French naval officer (1759–1809)

Jean Baptiste Marie Dayot (Vietnamese name: Nguyễn Văn Trí / 阮文智, 1759–1809) was a French Navy officer and an adventurer who went into the service of Nguyễn Ánh, the future emperor Gia Long of Vietnam.

Originally from a Brittany family settled in Ile Bourbon, Jean-Marie Dayot was born in Port Louis, Ile Maurice. He became a Lieutenant de vaisseau auxiliaire in the French Royal Navy. He met with Pigneau de Béhaine either in the Île Bourbon or Pondicherry, and is thought to have commanded one of the two commercial ships which accompanied the warship Méduse with Pigneau de Behaine to Vietnam.

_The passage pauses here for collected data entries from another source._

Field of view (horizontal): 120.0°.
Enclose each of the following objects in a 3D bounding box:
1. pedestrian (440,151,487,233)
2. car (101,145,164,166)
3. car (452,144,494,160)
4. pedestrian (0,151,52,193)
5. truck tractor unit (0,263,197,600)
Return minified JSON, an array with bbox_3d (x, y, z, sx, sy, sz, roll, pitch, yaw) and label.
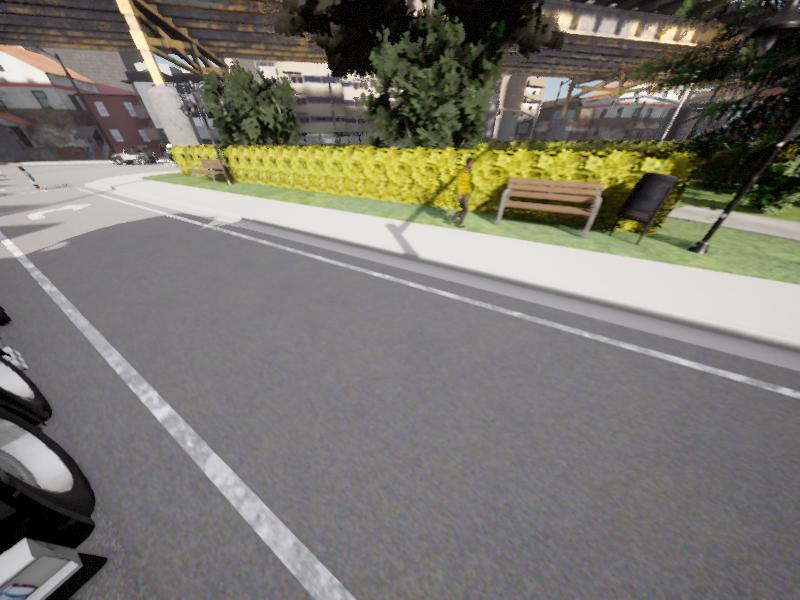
[{"bbox_3d":[1.669,-2.914,6.257,0.751,1.860,0.751,22,40,28],"label":"pedestrian"},{"bbox_3d":[-30.416,-16.536,26.421,3.866,1.878,1.905,-9,36,-12],"label":"car"},{"bbox_3d":[10.065,-20.564,32.057,5.027,1.651,2.152,-8,36,-11],"label":"car"},{"bbox_3d":[-20.239,-6.909,12.469,0.751,1.860,0.751,28,44,34],"label":"pedestrian"},{"bbox_3d":[-5.114,-0.295,0.792,6.516,4.208,3.053,18,39,24],"label":"truck tractor unit"}]
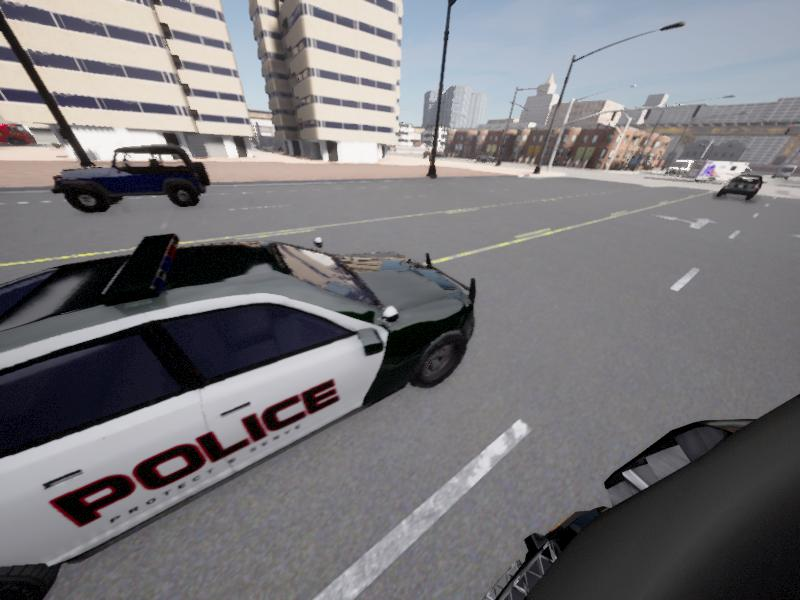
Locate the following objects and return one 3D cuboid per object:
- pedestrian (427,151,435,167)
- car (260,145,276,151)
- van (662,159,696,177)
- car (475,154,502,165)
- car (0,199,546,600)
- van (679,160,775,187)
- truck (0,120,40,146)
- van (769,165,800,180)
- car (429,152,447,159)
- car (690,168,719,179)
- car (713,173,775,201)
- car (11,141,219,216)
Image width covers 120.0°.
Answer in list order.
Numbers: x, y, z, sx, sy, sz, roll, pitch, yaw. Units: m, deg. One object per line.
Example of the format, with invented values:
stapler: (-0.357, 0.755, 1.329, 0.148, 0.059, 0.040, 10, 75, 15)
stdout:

Entering the service of Nguyễn Ánh, by 1790 he was in command of a naval division composed of two European warships belonging to Nguyễn Ánh. In 1792, he fought in the naval battle against the Tây Sơn in front of Qui Nhơn, sinking 5 warships, 90 galleys and about 100 smaller boats. In 1793, again at Qui Nhơn, he captured 60 Tây Sơn galleys.

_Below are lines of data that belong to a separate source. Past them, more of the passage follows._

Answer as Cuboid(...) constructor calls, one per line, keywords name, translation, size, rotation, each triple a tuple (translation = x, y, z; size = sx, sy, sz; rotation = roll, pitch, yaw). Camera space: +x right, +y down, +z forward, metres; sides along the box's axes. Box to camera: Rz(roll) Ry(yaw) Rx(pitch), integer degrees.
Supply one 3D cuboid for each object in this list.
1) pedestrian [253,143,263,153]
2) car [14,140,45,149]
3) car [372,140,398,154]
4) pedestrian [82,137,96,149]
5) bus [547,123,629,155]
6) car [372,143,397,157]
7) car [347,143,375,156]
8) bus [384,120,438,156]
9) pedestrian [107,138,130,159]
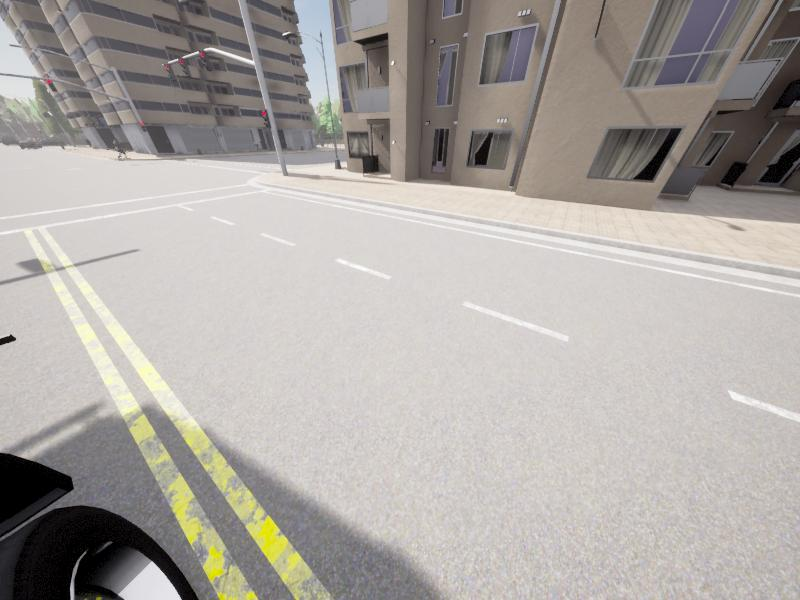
Cuboid(name="pedestrian", translation=(-22.402, -23.978, 36.362), size=(0.751, 1.300, 0.751), rotation=(21, 40, 27))
Cuboid(name="car", translation=(-75.905, -31.898, 47.397), size=(1.812, 1.442, 4.674), rotation=(-22, 41, -29))
Cuboid(name="car", translation=(-2.428, -25.372, 38.288), size=(1.932, 1.855, 4.605), rotation=(21, 40, 26))
Cuboid(name="pedestrian", translation=(-58.156, -29.288, 43.154), size=(0.751, 1.860, 0.751), rotation=(23, 41, 29))
Cuboid(name="bus", translation=(33.399, -29.163, 41.780), size=(10.273, 4.253, 3.944), rotation=(22, 41, 27))
Cuboid(name="car", translation=(-2.205, -21.720, 33.407), size=(1.845, 1.501, 3.633), rotation=(21, 40, 26))
Cuboid(name="car", translation=(-5.710, -22.313, 34.271), size=(1.970, 1.475, 3.806), rotation=(21, 40, 26))
Cuboid(name="bus", translation=(2.067, -26.736, 38.196), size=(3.944, 4.253, 10.273), rotation=(21, 40, 26))
Cuboid(name="pedestrian", translation=(-30.943, -16.664, 25.428), size=(0.751, 1.860, 0.751), rotation=(21, 40, 26))

Jean-Marie Dayot also did considerable hydrographic work, making numerous maps of the Vietnamese coast, which were drawn by his talented brother.

In 1795, Jean-Marie Dayot stranded his ship, was condemned for negligence and put to the cangue. Disgusted, he left Cochinchina.

Jean-Marie Dayot then settled in Manila, from where he traded with Mexico. He died in 1809 when his ship sank in the Gulf of Tonkin. His brother would die in Macao in 1821.